2. Dipole-Dipole Interactions

• Description: Dipole-dipole interactions occur between the positive end of one polar molecule and the negative end of another. These forces are stronger than London dispersion forces but weaker than hydrogen bonds.
• Example: In hydrogen chloride (HCl), the positive end of the HCl molecule (hydrogen) is attracted to the negative end (chlorine) of another HCl molecule.

3. Hydrogen Bonding

• Description: Hydrogen bonding is a special type of dipole-dipole interaction that occurs when a hydrogen atom bonded to a highly electronegative atom (such as nitrogen, oxygen, or fluorine) is attracted to an electronegative atom in a nearby molecule. This is one of the strongest intermolecular forces.
• Example: In water (H₂O), the hydrogen atoms of one water molecule form hydrogen bonds with the oxygen atom of another water molecule, leading to water’s high boiling point.

4. Ion-Dipole Interactions

• Description: Ion-dipole interactions are the forces of attraction between an ion and a polar molecule. These interactions are significant in solutions where ionic compounds are dissolved in polar solvents.
• Example: When sodium chloride (NaCl) dissolves in water, the sodium ions (Na⁺) are attracted to the negative end (oxygen) of water molecules, and the chloride ions (Cl⁻) are attracted to the positive end (hydrogen) of water molecules.

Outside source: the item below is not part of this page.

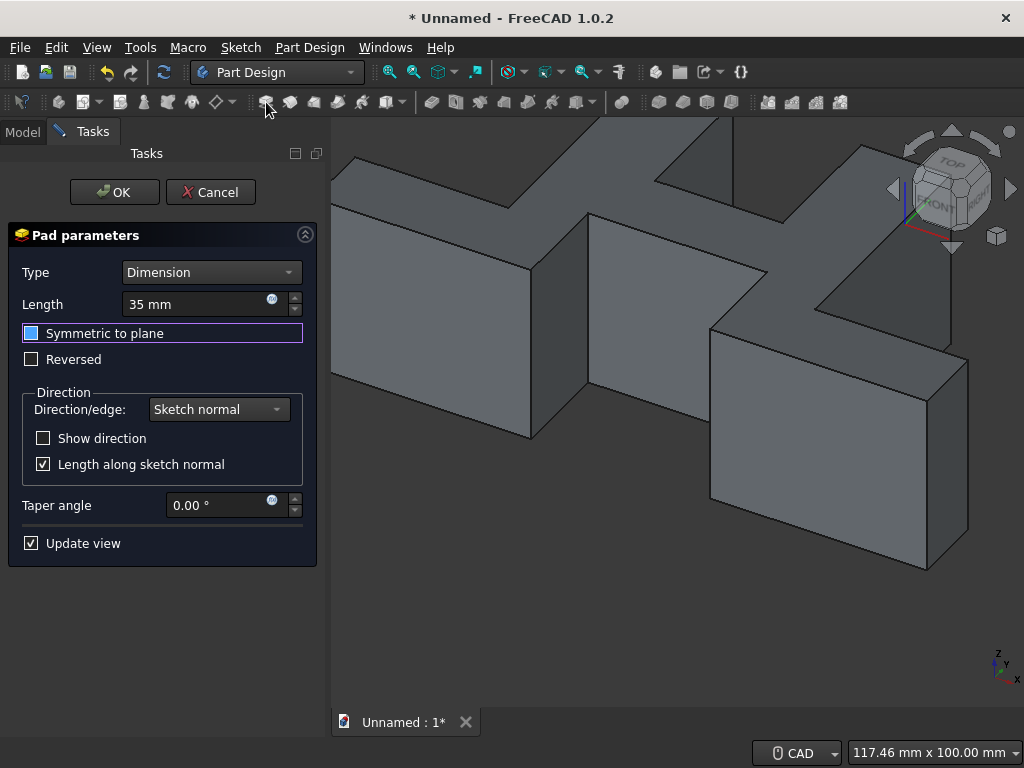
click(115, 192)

Factors Affecting Intermolecular Forces

1. Molecular Size and Shape: Larger molecules with more electrons have stronger London dispersion forces; linear molecules have stronger dispersion forces than branched ones.
2. Polarity: Polar molecules exhibit stronger dipole-dipole interactions; the greater the polarity, the stronger the interactions.
3. Hydrogen Bonding: Molecules with hydrogen atoms bonded to N, O, or F show strong hydrogen bonding, enhancing intermolecular forces.
4. Ion Presence: Ion-dipole interactions in solutions with ionic compounds are stronger than other intermolecular forces.
5. Molecular Symmetry: Symmetrical molecules have weaker dipole-dipole interactions, while asymmetrical molecules have stronger ones.

Physical Properties Influenced by Intermolecular Forces(IMFs)

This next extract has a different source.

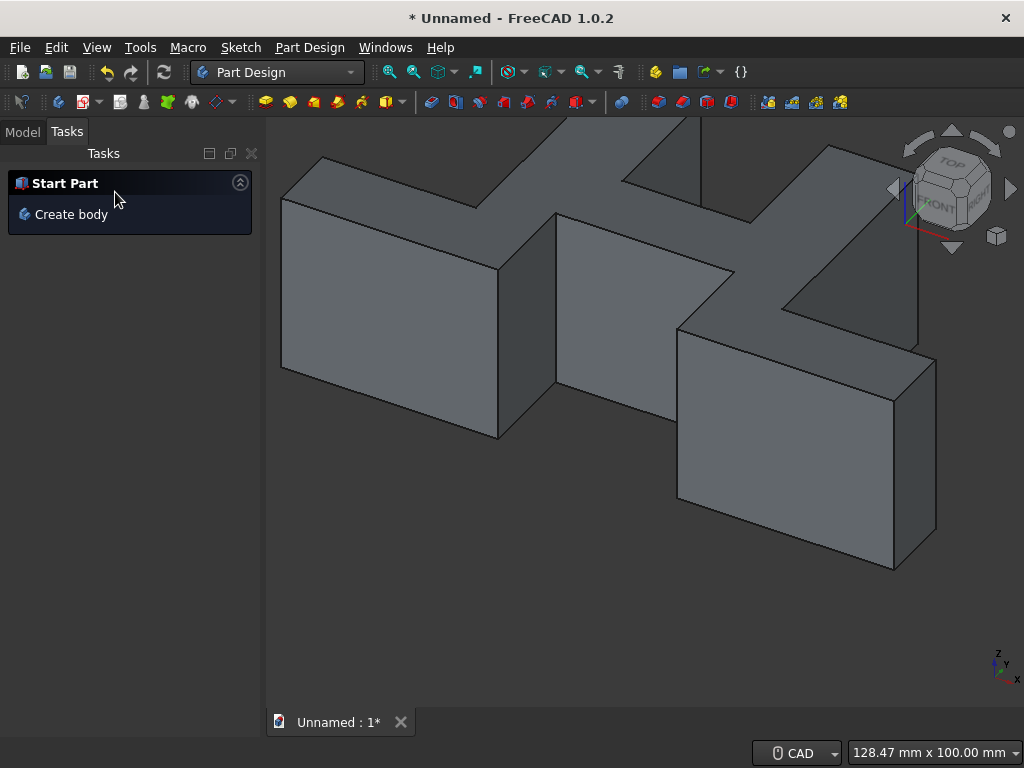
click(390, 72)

1. Boiling and Melting Points: Stronger IMFs lead to higher boiling and melting points (e.g., water has a high boiling point due to hydrogen bonding).
2. Viscosity: Substances with stronger IMFs have higher viscosity (e.g., glycerol has high viscosity due to hydrogen bonding).
3. Surface Tension: Strong IMFs result in higher surface tension (e.g., water has high surface tension due to hydrogen bonding).
4. Solubility: “Like dissolves like” principle, where similar IMFs enhance solubility (e.g., NaCl dissolves in water due to ion-dipole interactions).
5. Capillary Action: Influenced by cohesive and adhesive forces, affecting liquid flow in narrow spaces (e.g., water rises in thin glass tubes due to hydrogen bonding).
6. Vapor Pressure: Weaker IMFs result in higher vapor pressures (e.g., ether has higher vapor pressure than water due to weaker London dispersion forces).
7. Heat of Vaporization: Higher for substances with stronger IMFs (e.g., water has a high heat of vaporization due to strong hydrogen bonding).

Comparing Intermolecular Forces

Examples

1. Methane (CH₄): Nonpolar molecules exhibit weak, temporary dipoles, leading to London dispersion forces.
2. Iodine (I₂): A larger nonpolar molecule with stronger London dispersion forces due to increased electron cloud.
3. Acetone (CH₃COCH₃): Polar molecule with a permanent dipole moment leading to dipole-dipole attractions.
4. Ethanol (C₂H₅OH): Presence of an -OH group bonded to hydrogen, allowing strong hydrogen bonding.
5. Magnesium chloride (MgCl₂) in water (H₂O): Mg²⁺ and Cl⁻ ions interact strongly with the polar water molecules.